Scan the material for the string "maximum" and copy out every line in which it occurs.

*** RECORDS FOR PROCESSING ***

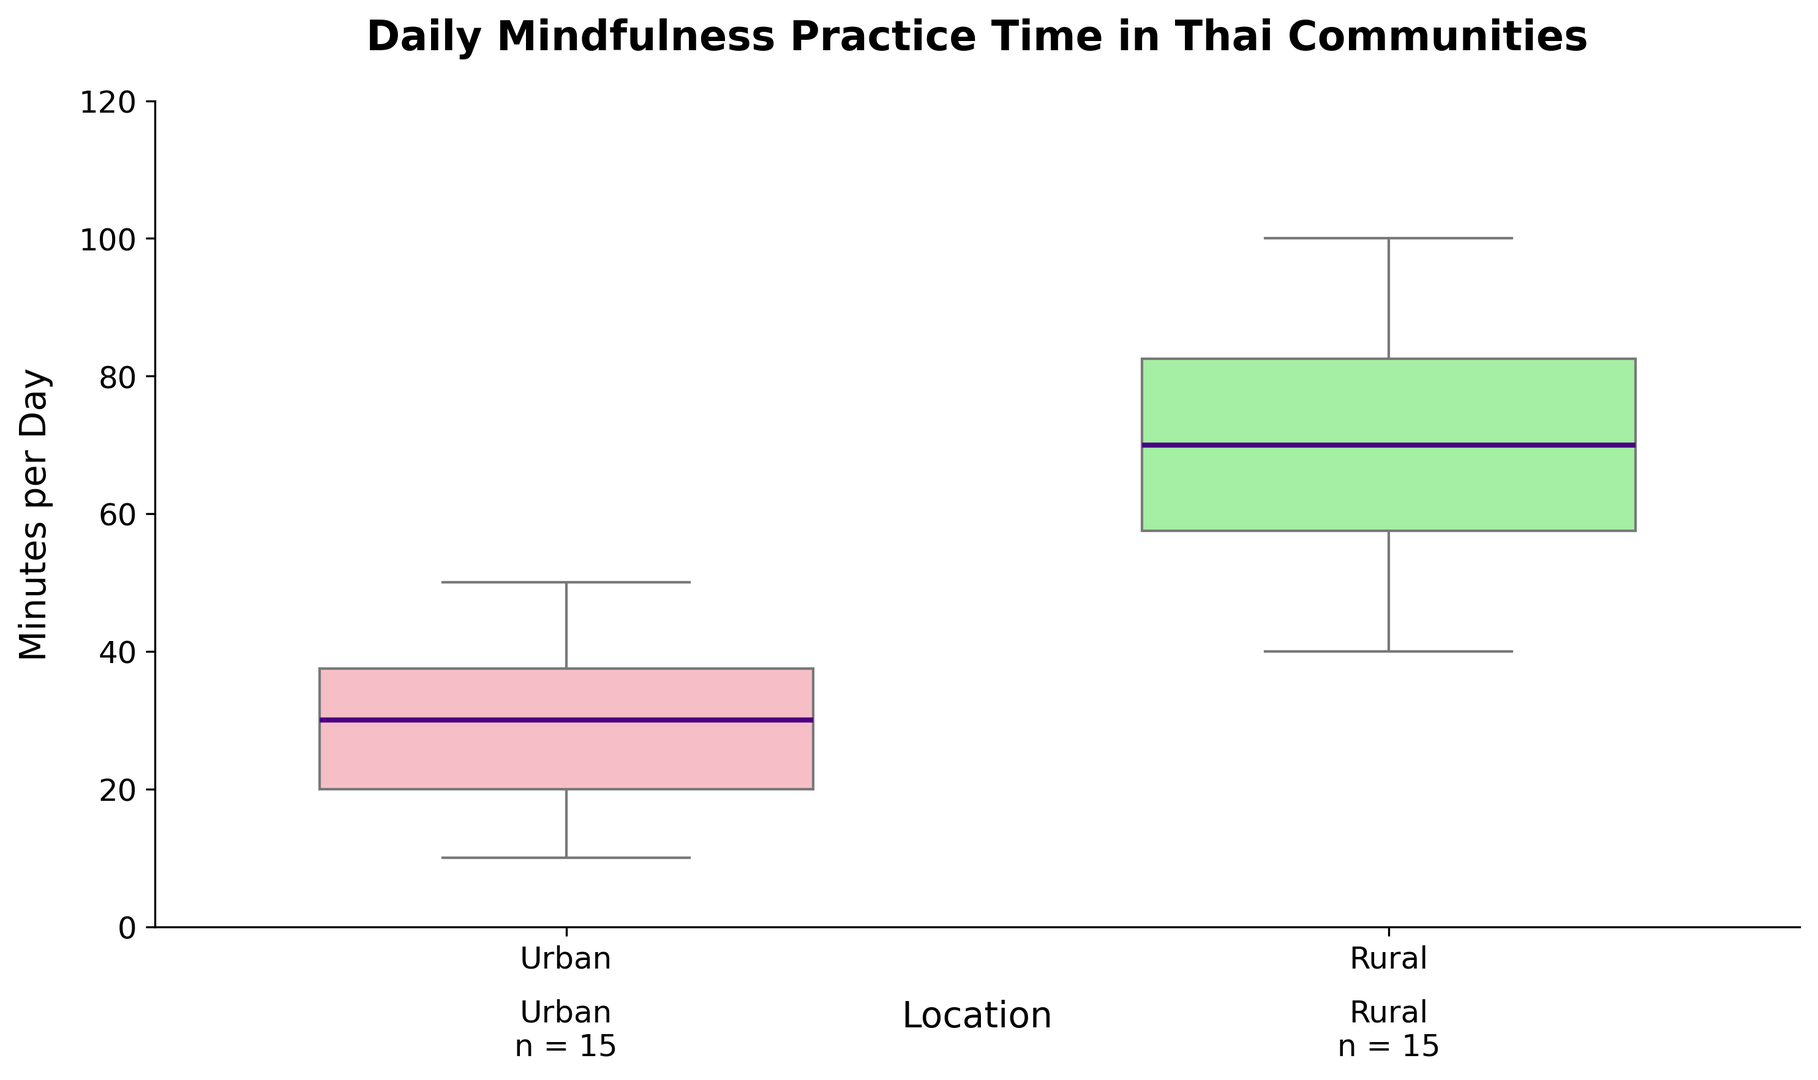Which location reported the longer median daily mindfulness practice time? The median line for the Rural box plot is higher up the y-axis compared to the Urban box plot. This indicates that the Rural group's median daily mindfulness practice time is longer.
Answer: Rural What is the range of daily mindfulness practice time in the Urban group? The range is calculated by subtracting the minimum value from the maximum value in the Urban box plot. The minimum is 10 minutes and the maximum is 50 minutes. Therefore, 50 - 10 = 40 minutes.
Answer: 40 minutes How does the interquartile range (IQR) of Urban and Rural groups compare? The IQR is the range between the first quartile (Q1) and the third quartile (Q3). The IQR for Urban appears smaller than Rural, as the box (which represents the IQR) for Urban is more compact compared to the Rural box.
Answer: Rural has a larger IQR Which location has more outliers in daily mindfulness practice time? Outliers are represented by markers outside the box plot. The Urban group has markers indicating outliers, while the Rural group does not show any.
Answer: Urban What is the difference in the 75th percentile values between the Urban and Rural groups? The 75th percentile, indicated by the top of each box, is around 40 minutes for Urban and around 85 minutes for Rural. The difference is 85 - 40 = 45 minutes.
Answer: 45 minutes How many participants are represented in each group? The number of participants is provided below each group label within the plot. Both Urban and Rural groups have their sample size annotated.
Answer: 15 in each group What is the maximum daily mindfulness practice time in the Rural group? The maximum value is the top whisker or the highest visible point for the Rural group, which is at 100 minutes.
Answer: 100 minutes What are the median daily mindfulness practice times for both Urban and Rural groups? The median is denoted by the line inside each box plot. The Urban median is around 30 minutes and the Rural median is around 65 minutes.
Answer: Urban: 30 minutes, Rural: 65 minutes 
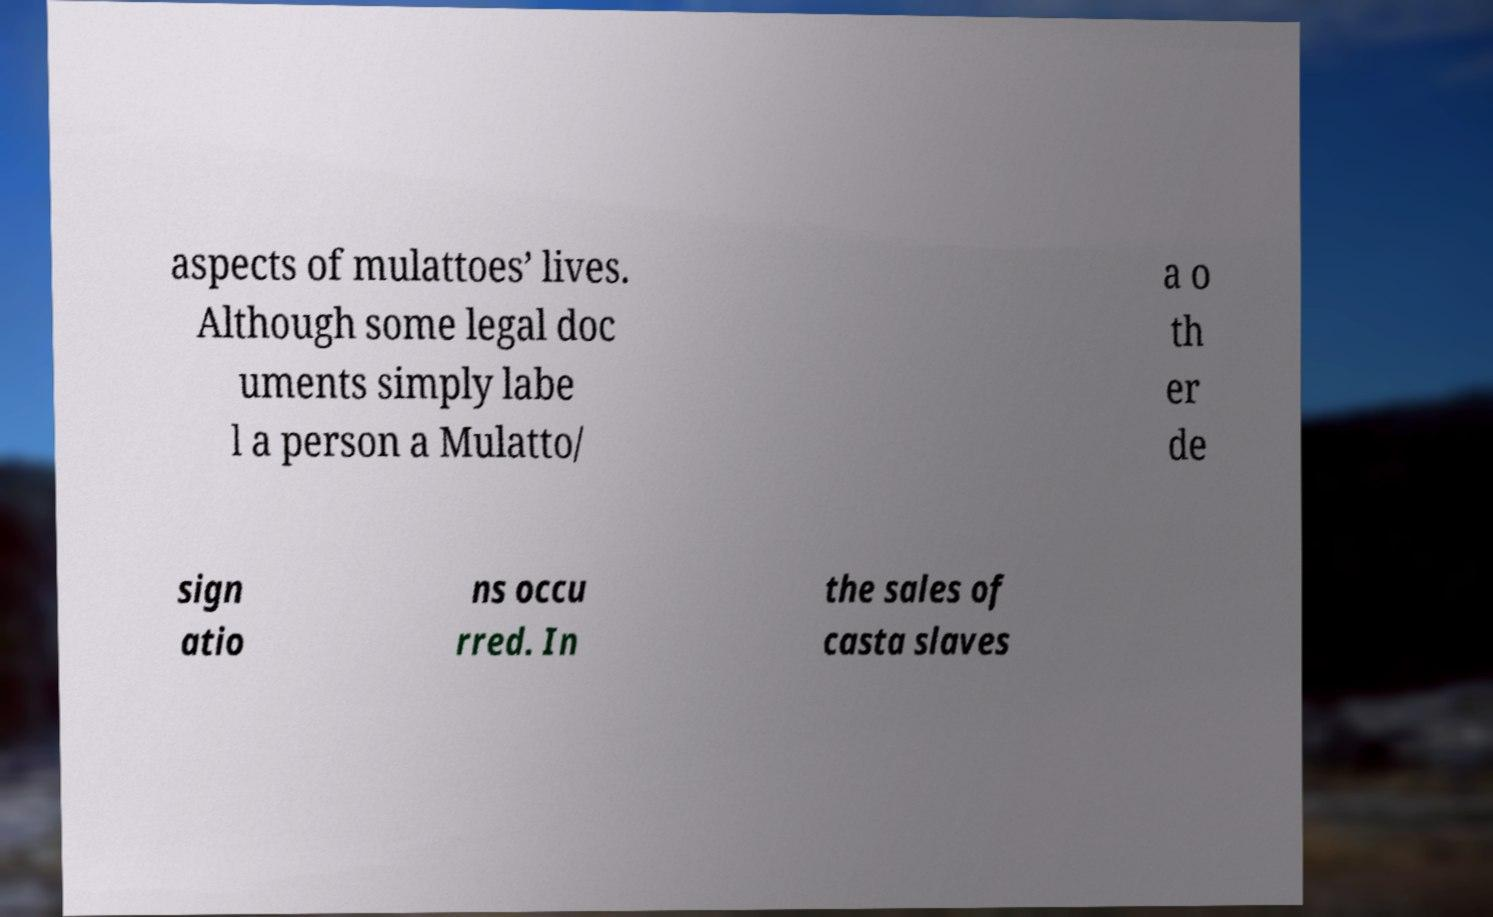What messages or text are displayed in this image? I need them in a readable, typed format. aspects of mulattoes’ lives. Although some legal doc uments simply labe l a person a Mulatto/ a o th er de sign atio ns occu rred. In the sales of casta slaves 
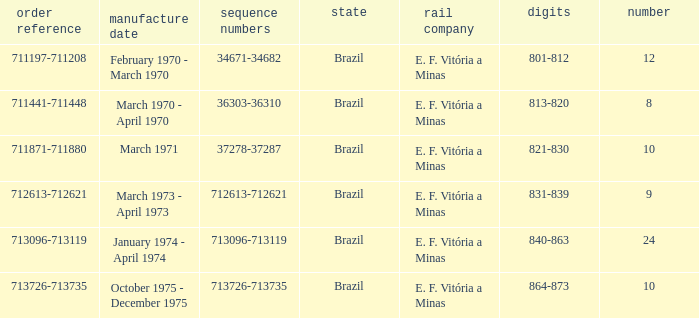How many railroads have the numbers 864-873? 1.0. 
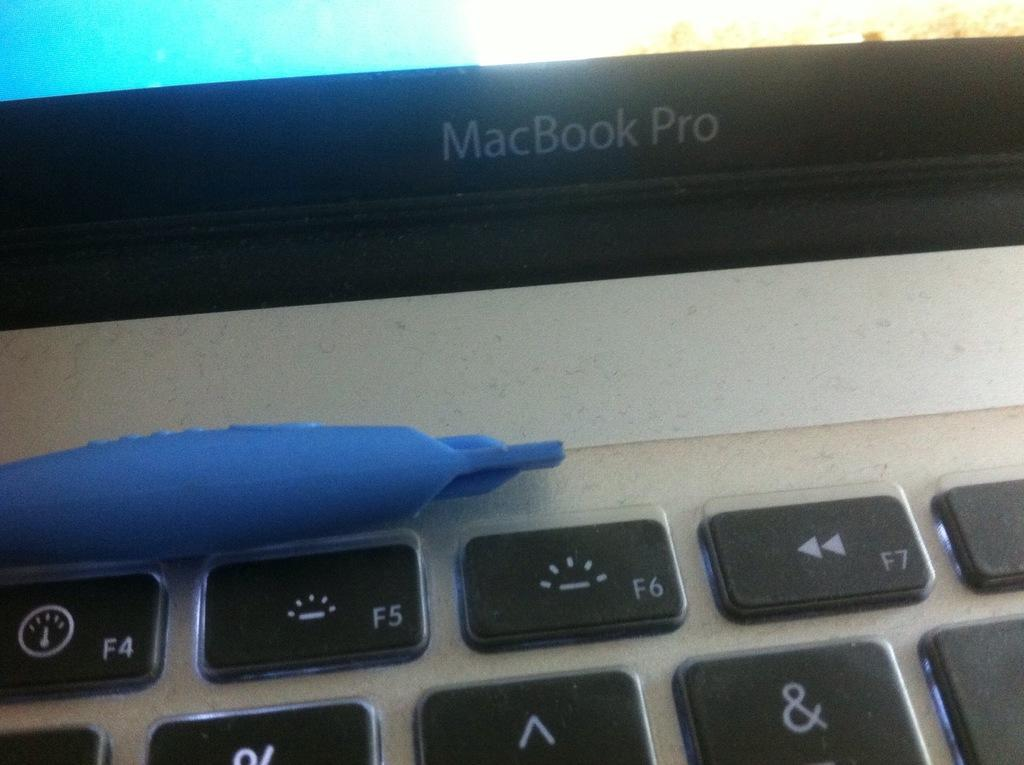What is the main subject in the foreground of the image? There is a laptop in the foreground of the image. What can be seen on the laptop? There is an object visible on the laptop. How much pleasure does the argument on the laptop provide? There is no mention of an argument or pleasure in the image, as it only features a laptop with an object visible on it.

***

▶ [WRITTEN RESPONSE]:
Answer: Rural What is the range of daily mindfulness practice time in the Urban group? The range is calculated by subtracting the minimum value from the maximum value in the Urban box plot. The minimum is 10 minutes and the maximum is 50 minutes. Therefore, 50 - 10 = 40 minutes.
Answer: 15 in each group What is the maximum daily mindfulness practice time in the Rural group? The maximum value is the top whisker or the highest visible point for the Rural group, which is at 100 minutes.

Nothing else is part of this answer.